News

Kejagung Masih Hitung Kerugian Negara Dugaan Korupsi Tata Kelola Minyak Pertamina

Ari Sandita 27/02/2025 10:02 WIB

Kejagung masih menghitung secara menyeluruh soal kerugian negara atas dugaan korupsi tata kelola minyak mentah dan produk kilang Pertamina.

Kejagung masih menghitung secara menyeluruh soal kerugian negara atas dugaan korupsi tata kelola minyak mentah dan produk kilang Pertamina.

IDXChannel - Kejaksaan Agung (Kejagung) masih menghitung secara menyeluruh soal kerugian negara atas dugaan korupsi tata kelola minyak mentah dan produk kilang PT Pertamina (Persero).

"Soal kerugian. Nah, di beberapa media kita sampaikan bahwa yang dihitung sementara, kemarin yang sudah disampaikan di rilis, itu Rp193,7 triliun. Itu tahun 2023," kata Kapuspenkum Kejagung, Harli Siregar, Kamis (27/2/2025).

"Makanya kami sampaikan, secara logika hukum, logika awam, kalau modusnya itu sama, ya berarti kan bisa dihitung, berarti kemungkinan lebih," lanjutnya.

Harli menambahkan, Kejagung akan menggandeng ahli untuk menghitung kerugian yang timbul akibat dugaan kasus korupsi tersebut. Terlebih, terdapat sejumlah komponen yang harus diperhitungkan berkaitan kasus itu.

"Ini perkiraan antara penyidik dengan ahli sementara, Rp193,7 triliun itu ada beberapa komponen. Kemarin sudah disampaikan kan, setidaknya ada lima komponen itu," katanya.

Komponen tersebut, kata dia, mulai dari kompensasi hingga subsidi, lalu apakah komponen tersebut berlangsung di semua tahun atau tahun tertentu saja selama kurun waktu 2018-2023. Hal itu dilakukan agar tak terjadi salah tafsir, khususnya di kalangan masyarakat.

"Soal menghitung kerugian itu nanti kalau bisa di-trace di 2018-2023, ini kan baru kompensasi 2023, aturan kompensasinya nanti mau kita cek.

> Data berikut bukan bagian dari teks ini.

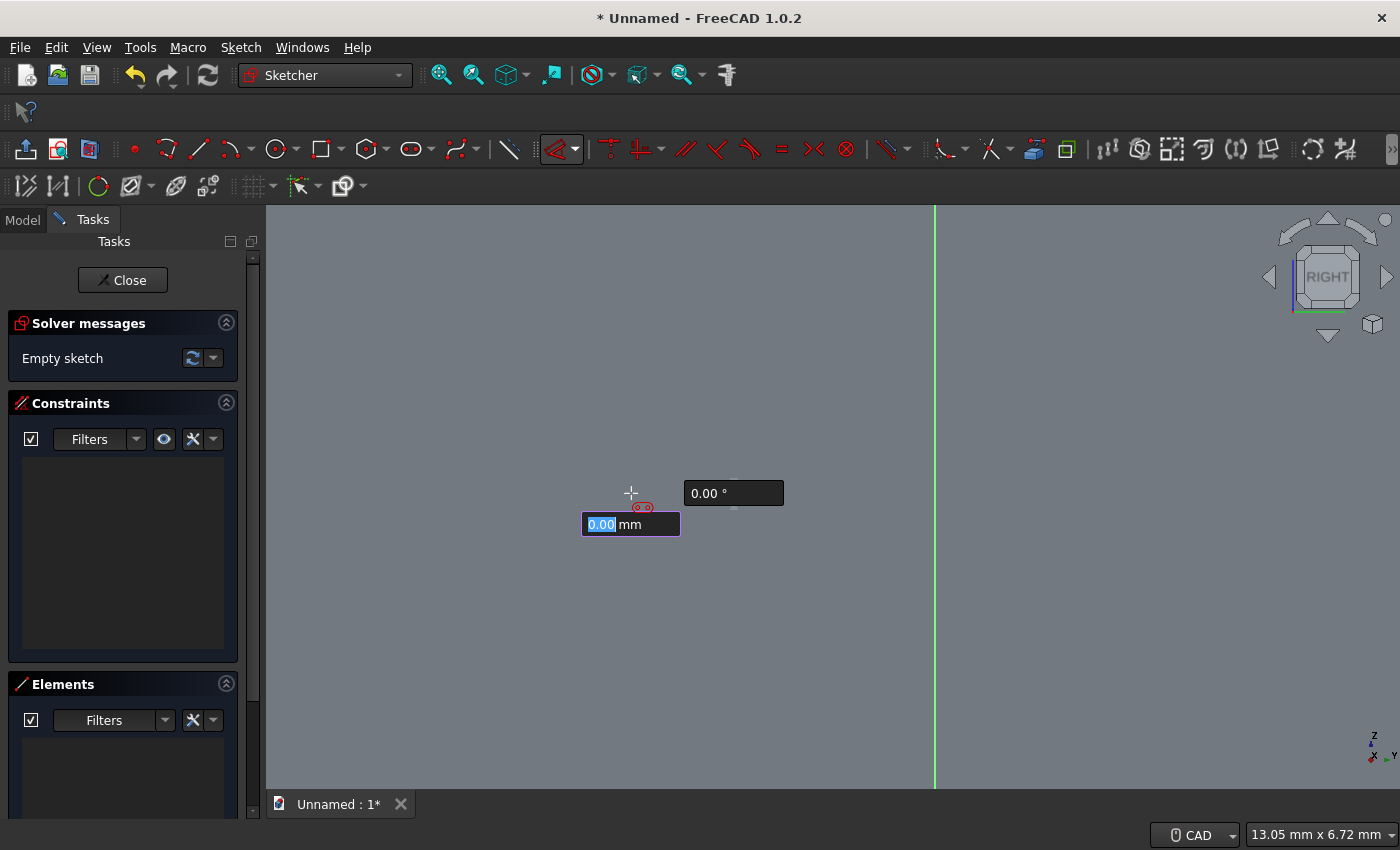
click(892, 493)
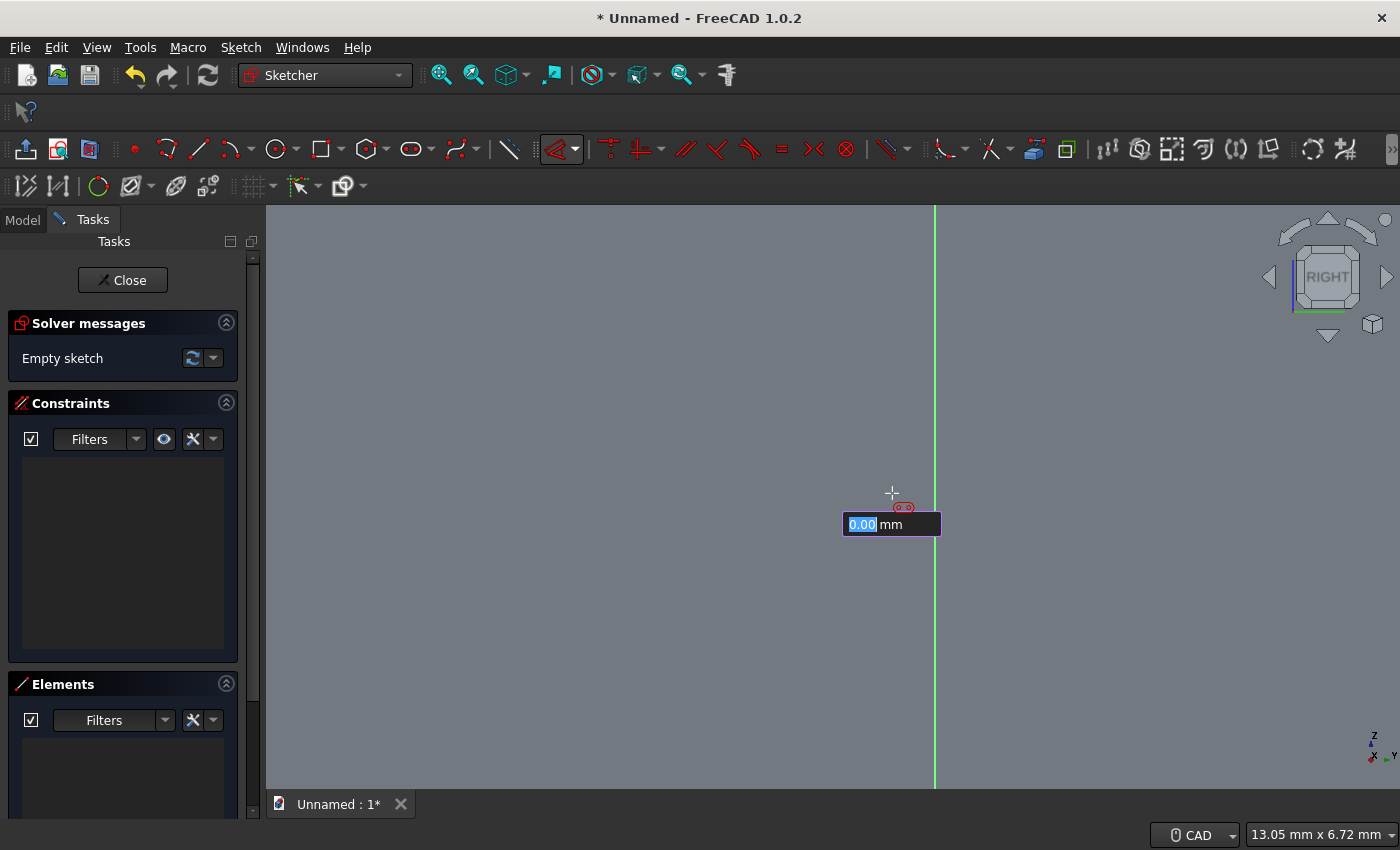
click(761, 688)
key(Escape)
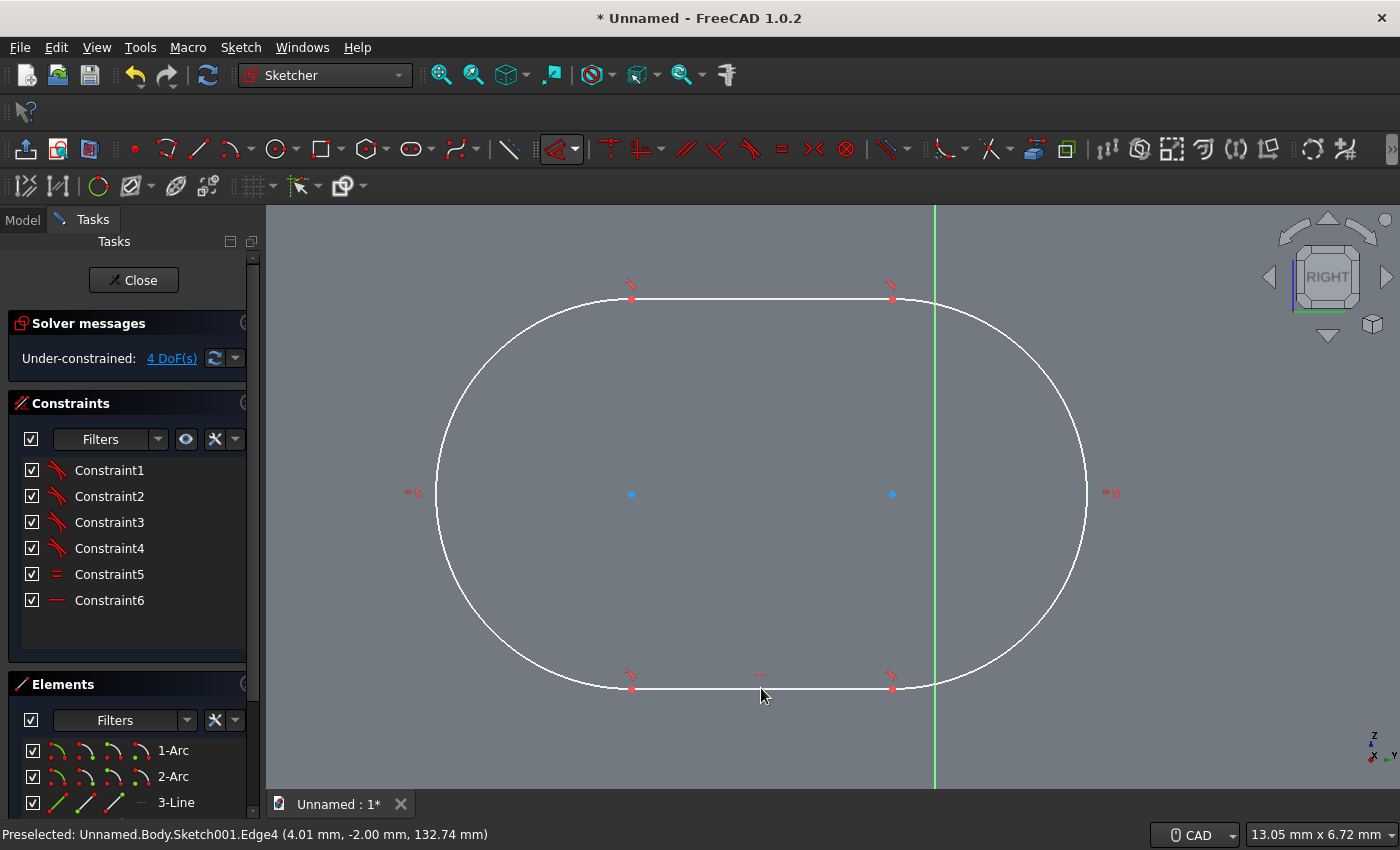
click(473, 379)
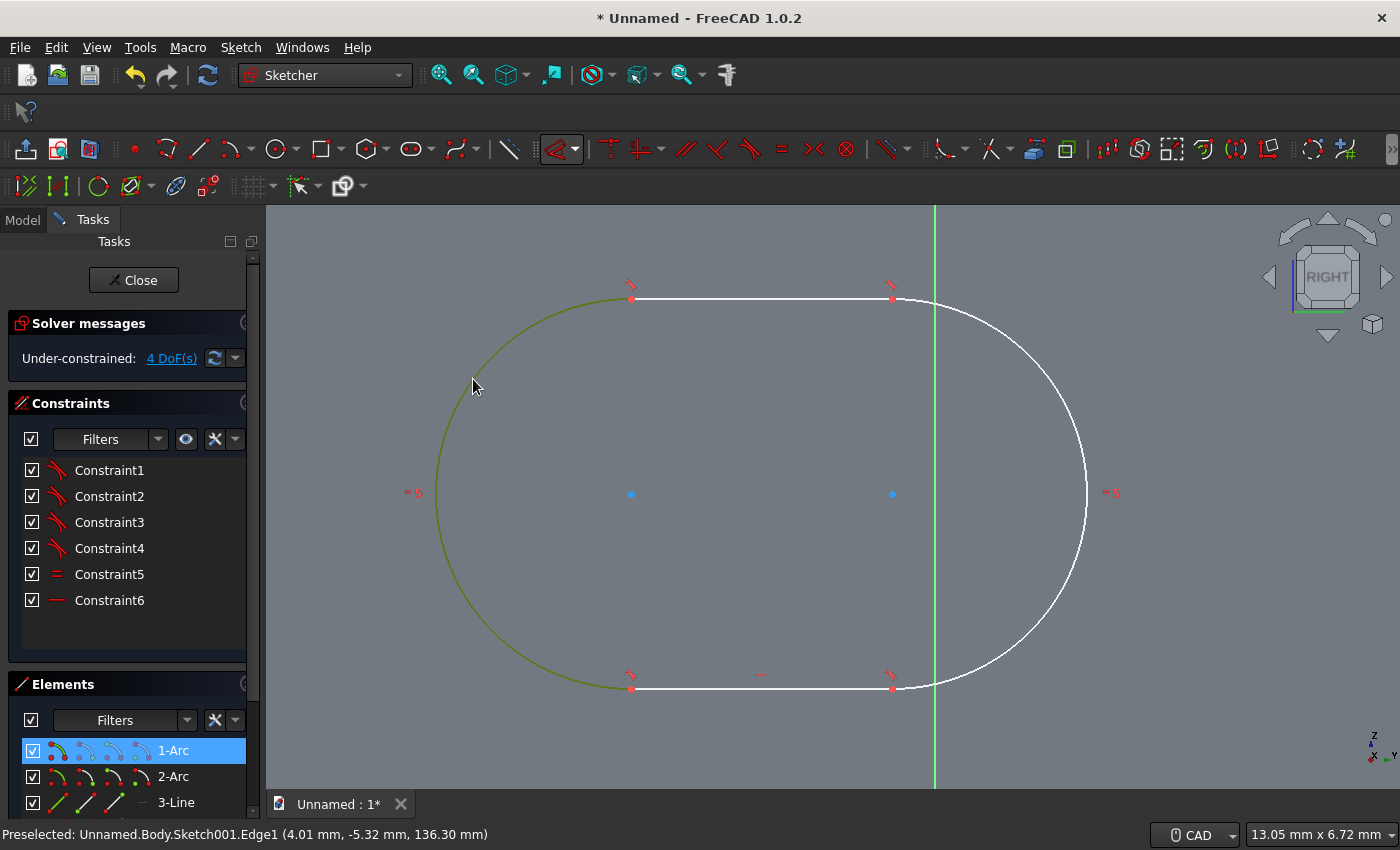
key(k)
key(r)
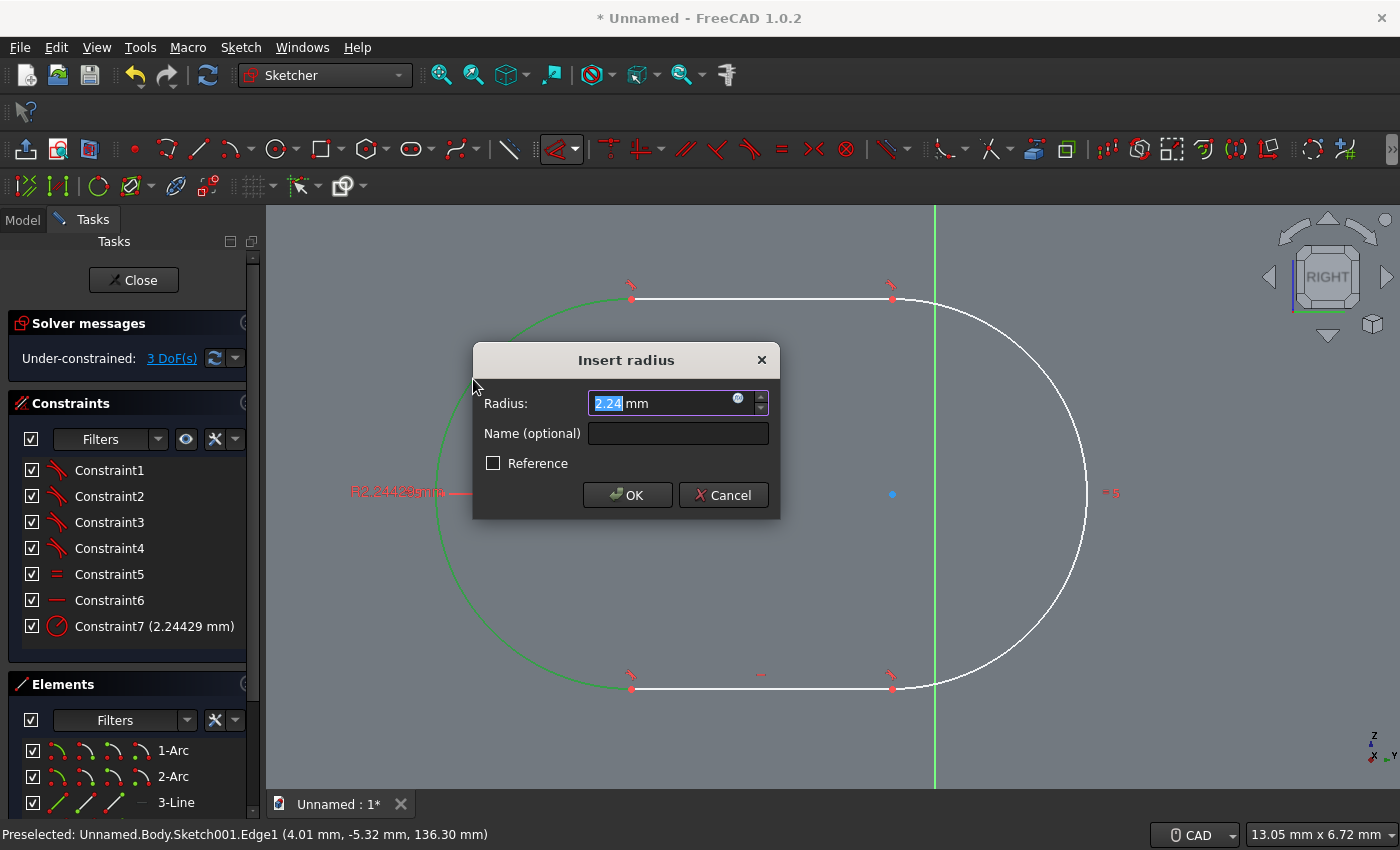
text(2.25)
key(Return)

Ada enggak di 2018, 2019, kalau enggak ada berarti kan di 2018 bukan kerugian dong, karena enggak ada," katanya.

"Sama dengan subsidi. Apakah setiap tahun subsidinya ada, apakah besarannya sama, karena itu sangat tergantung dengan besaran atau nilai impor yang dilakukan terhadap minyak itu. Jadi pembebanan kompensasi dan subsidi itu sangat tergantung dengan impor itu," kata Harli.